It’s been a while since my last post, but I’m back! I have been waiting for inspiration to strike, and I’ve realized that I have been looking for inspiration in all the wrong places. I have been waiting for something crazy or amazing to happen, yet my days in Thailand have largely been reduced to schedules and routines. Much to my dismay, even on the other side of the world normalcy has a way of creeping in.

What I have forgotten is that traveling and living in a new culture isn’t only about the big “allewah” (Thai for “wtf”) moments, like using your first squat toilet. It’s also about the little moments: the mannerisms, the local jargon, the ways your brain clicks into different thought processes outside of your comfort zone.

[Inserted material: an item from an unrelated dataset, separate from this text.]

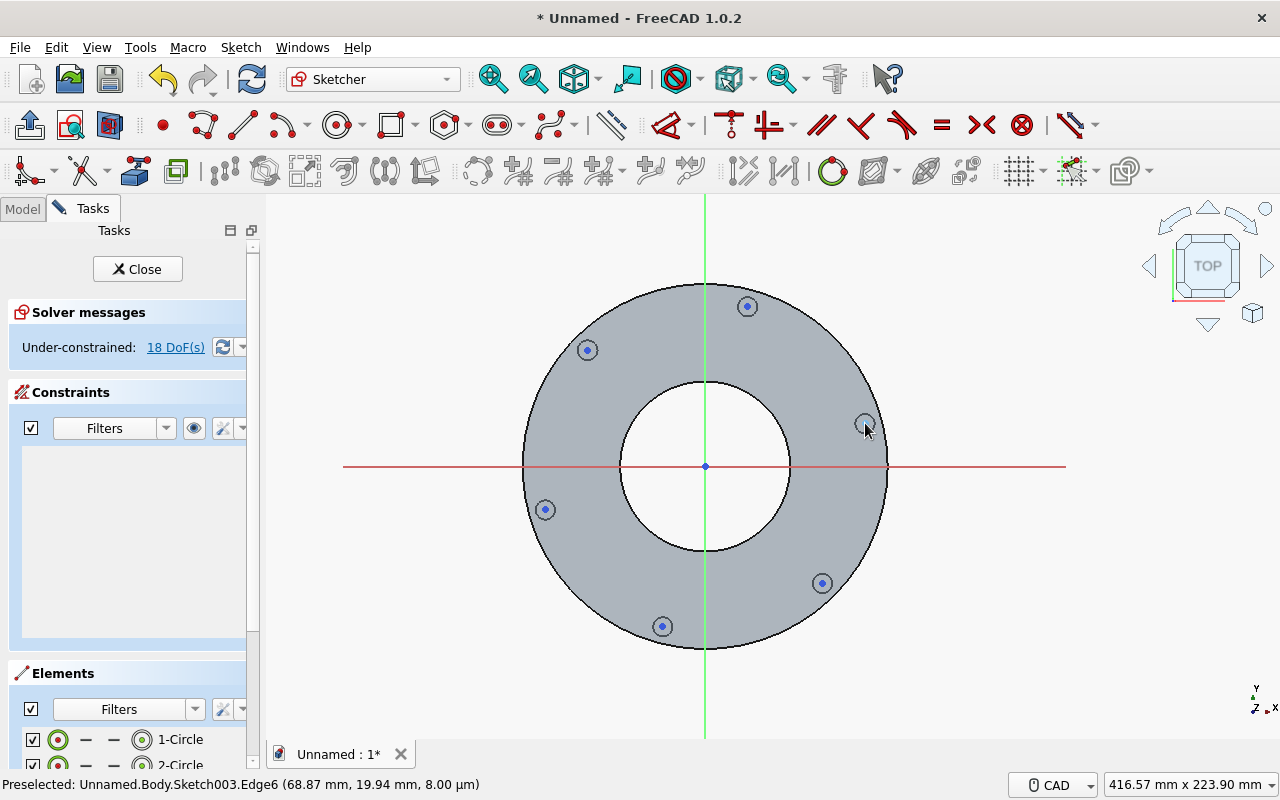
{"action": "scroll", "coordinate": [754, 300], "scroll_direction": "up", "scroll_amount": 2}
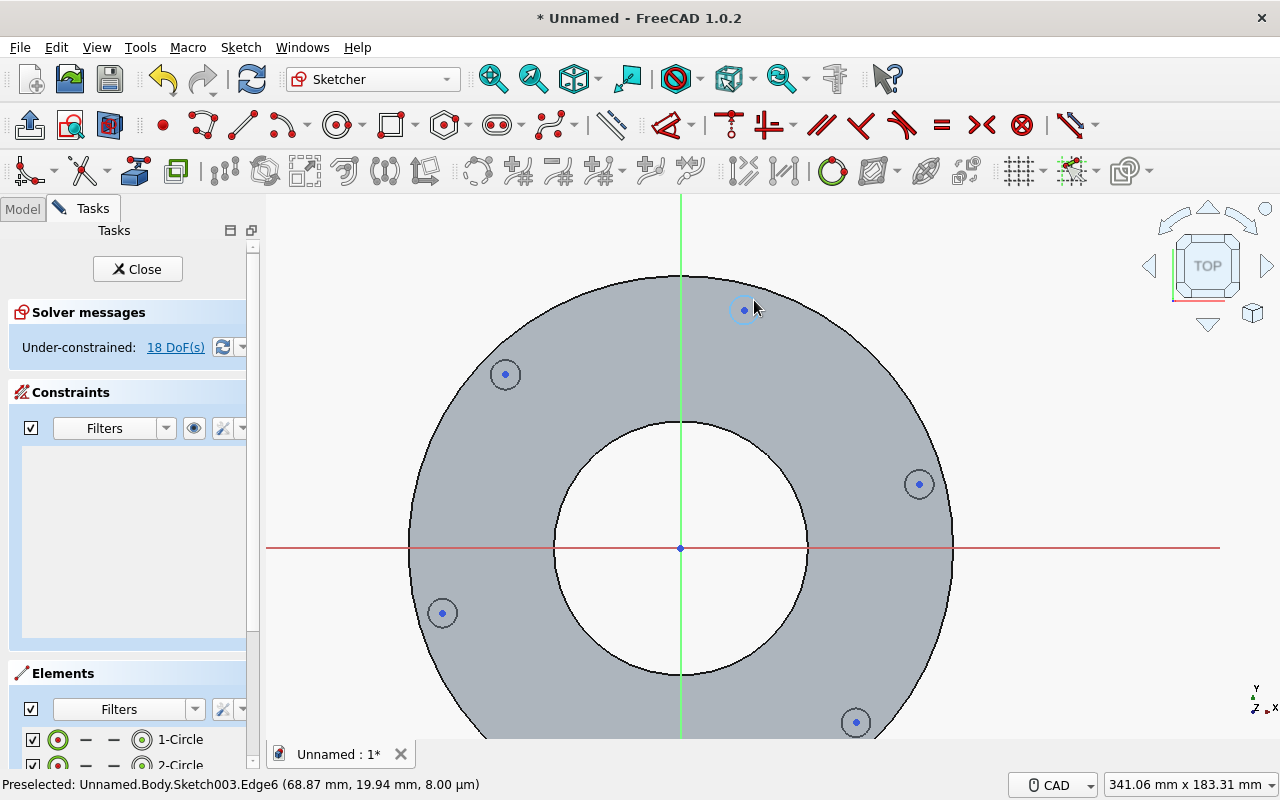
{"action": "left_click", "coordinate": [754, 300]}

I am by no means claiming to be an expert in Thai culture*, but these are a few things I have found helpful for me to not simply exist in a new place, but accept and love this new place as my home.

1. Wai like you mean it.

The wai is the way to greet and thank someone in Thailand. Generally speaking, the wai is done by placing your palms together in a prayer-like position in front of your chest, with a slight bow. However, there are different placements and levels of bowing depending on who you are wai-ing (ex. you would wai a colleague and a monk very differently).

The wai is no joke. I admit, when I first arrived in Thailand I was nervous to wai. It felt cheesy in a way, or almost like I was mocking their culture. I learned quickly that this was not the case; in fact, the opposite is true. By not wai-ing I was being disrespectful.

Now, the wai comes as second nature most of the time. A quick hello and thank you is almost always accompanied by a wai and a slight nod of the head. I am already laughing imagining the awkwardness this habit will bring when I return home; but for now, it’s standard.

If you are curious about the custom, here is a short video posted by my Thai teacher in Hua Hin, Pear.

2. If you’re eating with a fork, you’re doing it wrong.

Get on that spoon game! Almost every traditional Thai meal will be accompanied by a fork and spoon. No knife, although you don’t really need one for most Thai dishes; and contrary to popular belief, no chopsticks. You use your fork to scoop food onto your spoon. For someone who was taught southern table manners relentlessly growing up, this was incredibly awkward to me at first; but now it seems wrong not to scoop everything into my little spoon before taking a bite. The real question here is: why do we eat rice with a fork in America??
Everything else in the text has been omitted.